Я Борю Фрумина помню давно, когда он еще снимал «Дневник директора школы», и он у меня симпатии не вызывал: какой-то такой сухой скучный человек. Потом я узнал его поближе. Наш «Ленфильм» собирался посетить первый секретарь Ленинградского обкома партии Григорий Васильевич Романов. У нас с Борей произошел смешной разговор — он совершенно всерьез предлагал, — и горячился, и кипятился, — пойти всем нам, рядовым кинематографистам, на эту встречу и рассказать о реальном положении дел на студии. Я очень веселился и развлекался, потому что Боря мне казался идиотом. И я говорил: «Боря, если даже так случится, что вдруг Григорий Васильевич пожалует к нам на студию и ты войдешь в этот почетный конгломерат и окажешься среди приглашенных, неужели ты думаешь, что тебя позовут для того, чтобы Григорий Васильевич выслушал тебя?! Запомни, тебя позовут только для того, чтобы ты выслушал Григория Васильевича. Неужели ты не можешь этого понять?!» И вдруг я обнаружил, что он не может этого понять. В нем было такое странное, какое-то армейское упорство — им хорошо стены прошибать. Мы все посмеялись, и позже я не удивился, когда узнал, что Боря собирается уезжать. Я только подумал, что Боре и там будет трудно. Он уехал, а я жалел. Я видел его запрещенную картину «Ошибки молодости», в которой были замечательные вещи, но сильного впечатления на меня эта картина не произвела.
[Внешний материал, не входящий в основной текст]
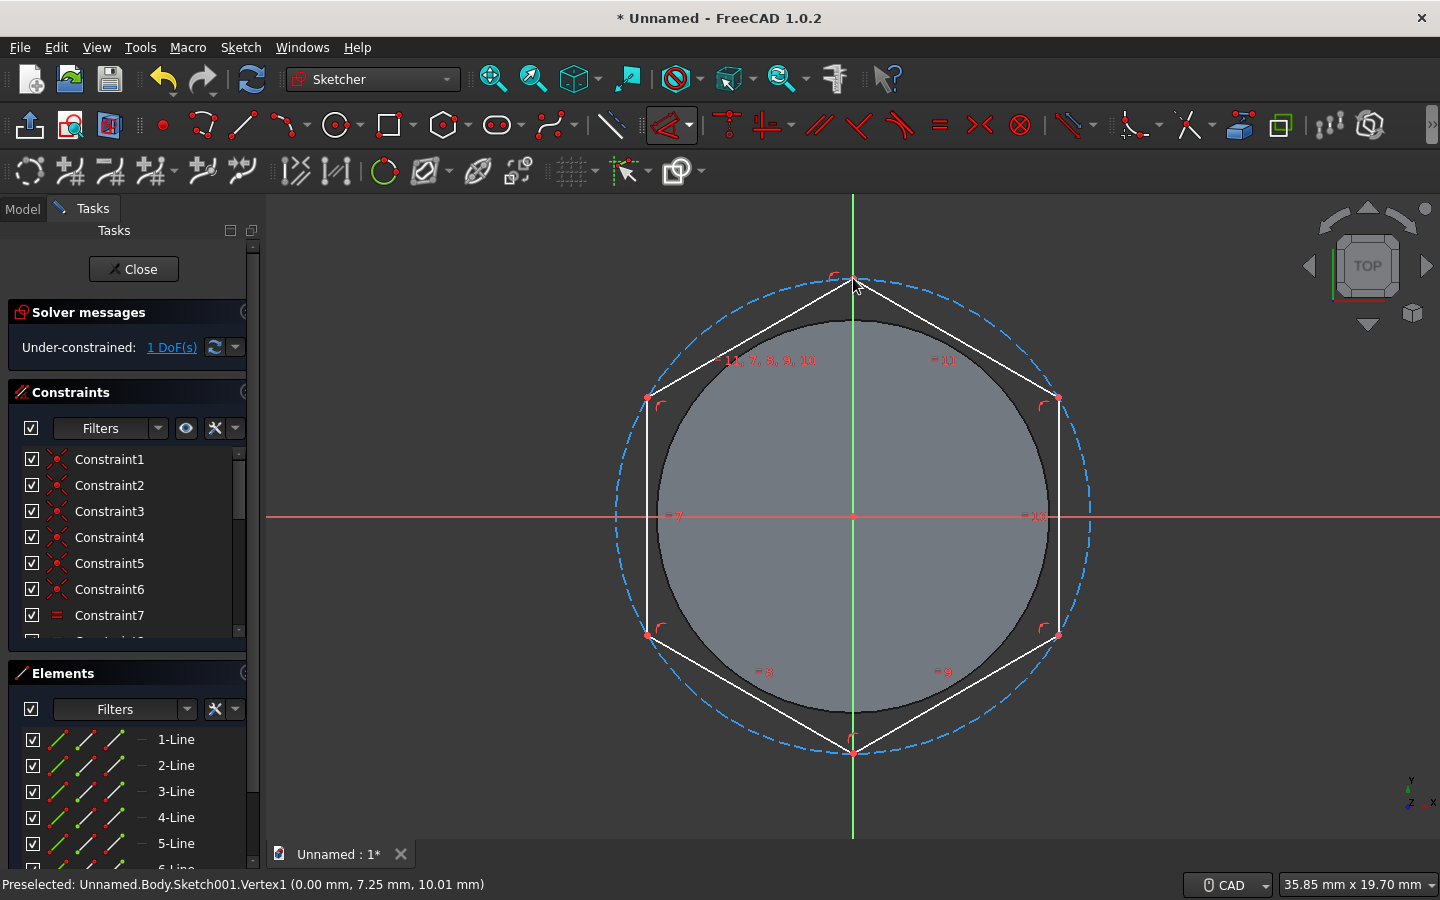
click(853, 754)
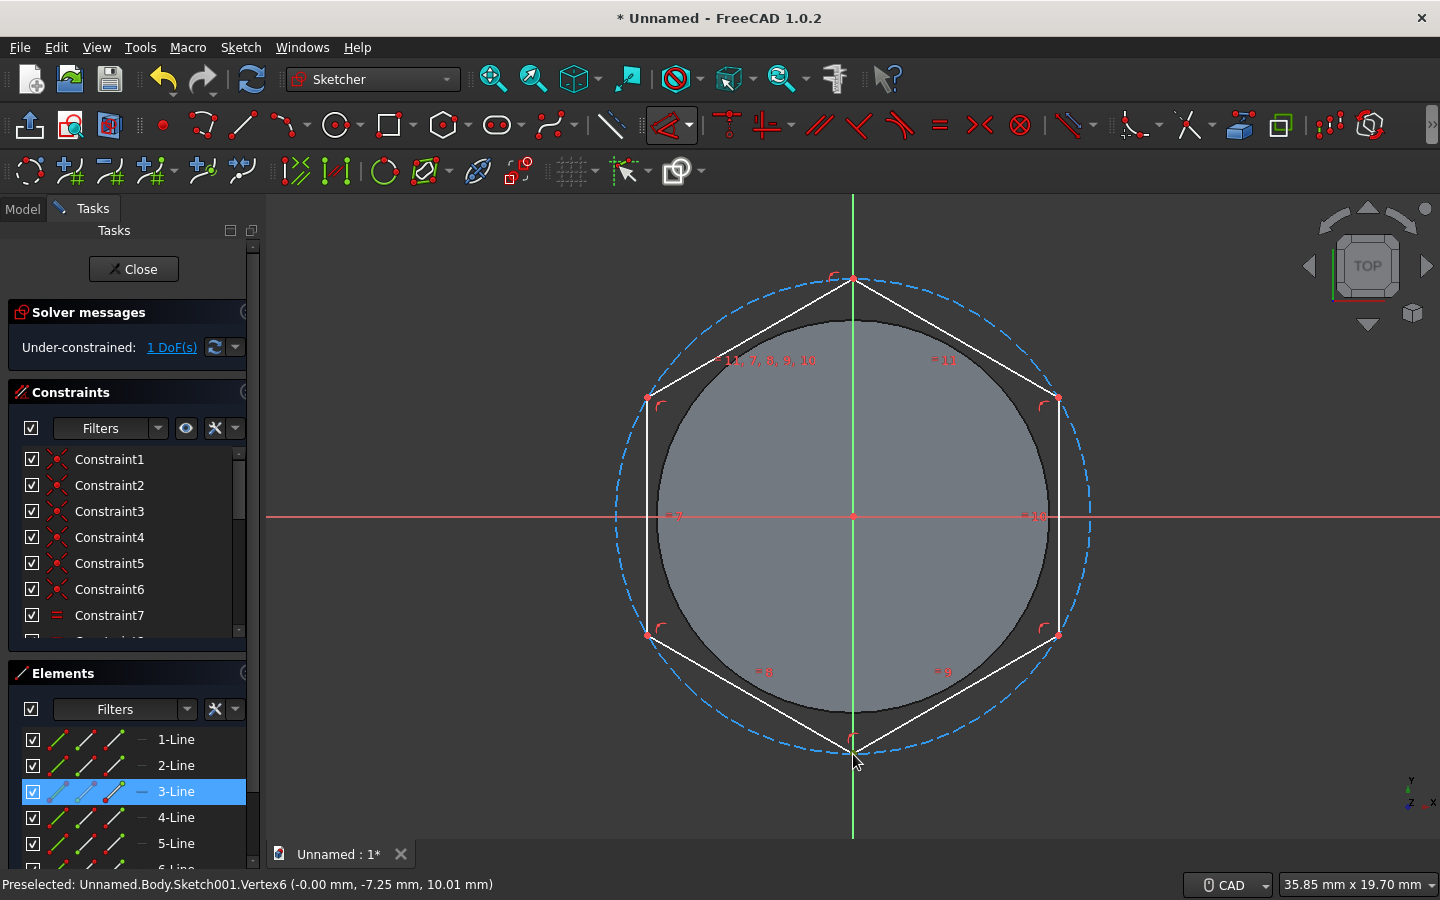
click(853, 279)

Годы спустя я встретился с Борей, когда приехал в Америку. Я пришел к нему в киношколу и был поражен. Во-первых, тем, что Боря знает английский язык, что он его выучил так, что может на нем преподавать, был поражен, что он вывез старых родителей, а главное — тем, как он преподает режиссуру. Я бывал в разных киношколах, но наиболее интересно это было у Бори, он как-то учил их по-другому, черт его знает как. Я видел режиссеров, которых он взращивает, видел их работы. Как ни странно, судьба у Бори сложилась хорошо: уважаемый преподаватель, профессор с большим жалованьем, с квартирой в университетском доме, с прелестной женой, прелестным ребенком, со всем тем, о чем может мечтать в эмиграции наш человек. Но Боря — артист, и как артиста его тянет снимать. Если проанализировать его картины, то видно, что все они легко соединяются одной и той же темой — темой морального беспокойства, тревогой за человека, за его судьбу. Кинематографисты любят такие красивые слова, как «боль за человека». Но у Борьки это истинно, это не наигранно. Так же как он переживал, что Романов должен прийти и нас выслушать, потому что жить невозможно, так же он уперся с картиной, которую ему резали-перерезали, потому что в ней он рассказывал о гибнущем, спивающемся прекрасном русском парне, показал дикие моменты нашей жизни и нашу «доблестную» армию. Как художник, Боря оказался впереди времени. Его уничтожили, и он уехал.
Он из тех художников, которым никогда не будет хорошо, потому что он всегда будет о ком-то беспокоиться, а тех, за кого он будет страдать, его беспокойство будет раздражать. Его душа болела и в картине «Дневник директора школы», у него она болела в армейской картине «Ошибки молодости», у него болела душа в последнем фильме «Блэк энд Уайт» — я считаю, это лучшая его картина. Все те болезненные переживания, которые скопились у него за время эмиграции, выплеснулись, и родился замечательный фильм. Но судьба этого фильма опять трудная. Я думаю, он переживет какое-то время и опять возникнет. Почему? Фильм вызвал недовольство у той части нашей так называемой интеллигенции, которая желает видеть в Америке землю обетованную и то, к чему надо стремиться, а Америка таковой не является. Америка такая — только для богатых американцев. А так это не рай обетованный, а довольно-таки трудная, мучительная, сложная жизнь. ‹…›
Я повторяю, Боря один из самых удачливых и благополучных людей в американской эмиграции: он занимается главным делом своей жизни, любимой профессией. Я очень надеюсь, что в скором времени Боря снова снимет кино, потому что людей, которые снимают кино — много, а таких режиссеров, как Боря, — единицы. Боря — художнический человек и принадлежит к той части интеллигенции, которая всегда говорила: «Мы не врачи, мы боль». ‹…›
Герман А. «Он уехал, а я жалел...» // Киносценарии. 1992. № 4.